-------- TASK INPUTS

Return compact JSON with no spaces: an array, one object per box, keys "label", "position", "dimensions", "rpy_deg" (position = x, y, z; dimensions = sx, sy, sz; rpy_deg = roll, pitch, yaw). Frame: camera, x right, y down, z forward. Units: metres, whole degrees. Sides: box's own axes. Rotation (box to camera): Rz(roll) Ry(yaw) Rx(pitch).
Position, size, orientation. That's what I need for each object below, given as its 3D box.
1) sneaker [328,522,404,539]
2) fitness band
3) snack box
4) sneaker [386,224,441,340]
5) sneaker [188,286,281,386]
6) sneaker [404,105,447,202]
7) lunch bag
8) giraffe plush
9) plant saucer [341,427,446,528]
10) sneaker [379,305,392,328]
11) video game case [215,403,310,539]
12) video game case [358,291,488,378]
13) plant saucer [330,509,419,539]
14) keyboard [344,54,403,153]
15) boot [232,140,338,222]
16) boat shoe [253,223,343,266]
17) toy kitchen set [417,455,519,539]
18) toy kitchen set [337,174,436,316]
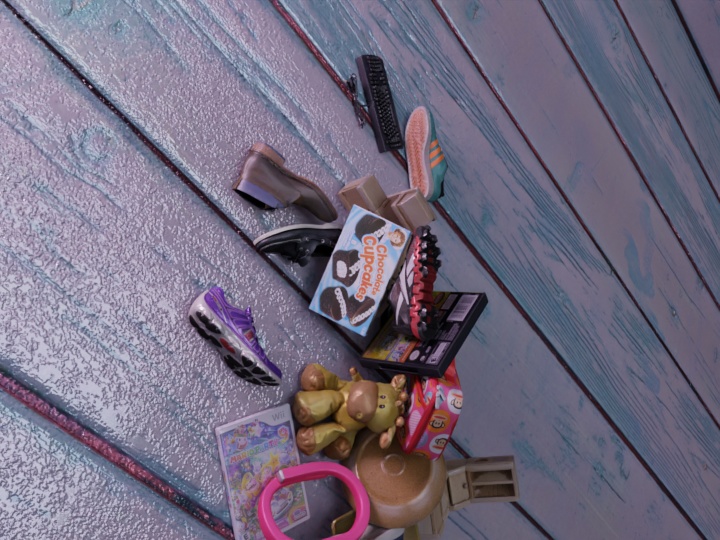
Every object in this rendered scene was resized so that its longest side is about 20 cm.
[{"label":"sneaker","position":[0.000,0.496,1.078],"dimensions":[0.196,0.074,0.087],"rpy_deg":[-5,94,-36]},{"label":"fitness band","position":[-0.073,0.393,1.039],"dimensions":[0.196,0.038,0.145],"rpy_deg":[0,48,-35]},{"label":"snack box","position":[0.000,0.000,1.127],"dimensions":[0.114,0.037,0.204],"rpy_deg":[24,93,8]},{"label":"sneaker","position":[0.091,0.021,1.120],"dimensions":[0.070,0.096,0.206],"rpy_deg":[16,74,-50]},{"label":"sneaker","position":[-0.189,0.109,1.031],"dimensions":[0.201,0.080,0.084],"rpy_deg":[54,49,-20]},{"label":"sneaker","position":[0.147,-0.251,1.376],"dimensions":[0.079,0.070,0.206],"rpy_deg":[-2,90,-44]},{"label":"lunch bag","position":[0.124,0.216,1.135],"dimensions":[0.080,0.201,0.179],"rpy_deg":[17,114,-13]},{"label":"giraffe plush","position":[-0.001,0.245,1.106],"dimensions":[0.197,0.160,0.177],"rpy_deg":[1,80,-43]},{"label":"plant saucer","position":[0.060,0.357,1.142],"dimensions":[0.201,0.197,0.036],"rpy_deg":[-54,157,-31]},{"label":"sneaker","position":[0.099,0.157,1.278],"dimensions":[0.200,0.059,0.105],"rpy_deg":[46,61,-22]},{"label":"video game case","position":[-0.161,0.343,1.057],"dimensions":[0.141,0.018,0.205],"rpy_deg":[-11,91,-40]},{"label":"video game case","position":[0.116,0.109,1.150],"dimensions":[0.201,0.178,0.026],"rpy_deg":[-50,125,-36]},{"label":"plant saucer","position":[0.027,0.522,1.173],"dimensions":[0.197,0.048,0.205],"rpy_deg":[-12,92,-41]},{"label":"keyboard","position":[0.029,-0.348,1.316],"dimensions":[0.125,0.020,0.205],"rpy_deg":[-19,96,-41]},{"label":"boot","position":[-0.134,-0.127,1.120],"dimensions":[0.199,0.074,0.098],"rpy_deg":[39,70,-18]},{"label":"boat shoe","position":[-0.101,-0.041,1.127],"dimensions":[0.197,0.074,0.068],"rpy_deg":[-8,77,-50]},{"label":"toy kitchen set","position":[0.200,0.389,1.209],"dimensions":[0.199,0.176,0.168],"rpy_deg":[-9,90,-72]},{"label":"toy kitchen set","position":[0.033,-0.051,1.174],"dimensions":[0.181,0.161,0.202],"rpy_deg":[-48,113,-33]}]

----------------

ASSIGNMENT ▸ In the entries above, the lines from the one bearing "17) toy kitchen set [417,455,519,539]" up to and including the one bearing "18) toy kitchen set [337,174,436,316]" should be transcribed exactly; no other line is wanted.

TASK OUTPUT ▸
17) toy kitchen set [417,455,519,539]
18) toy kitchen set [337,174,436,316]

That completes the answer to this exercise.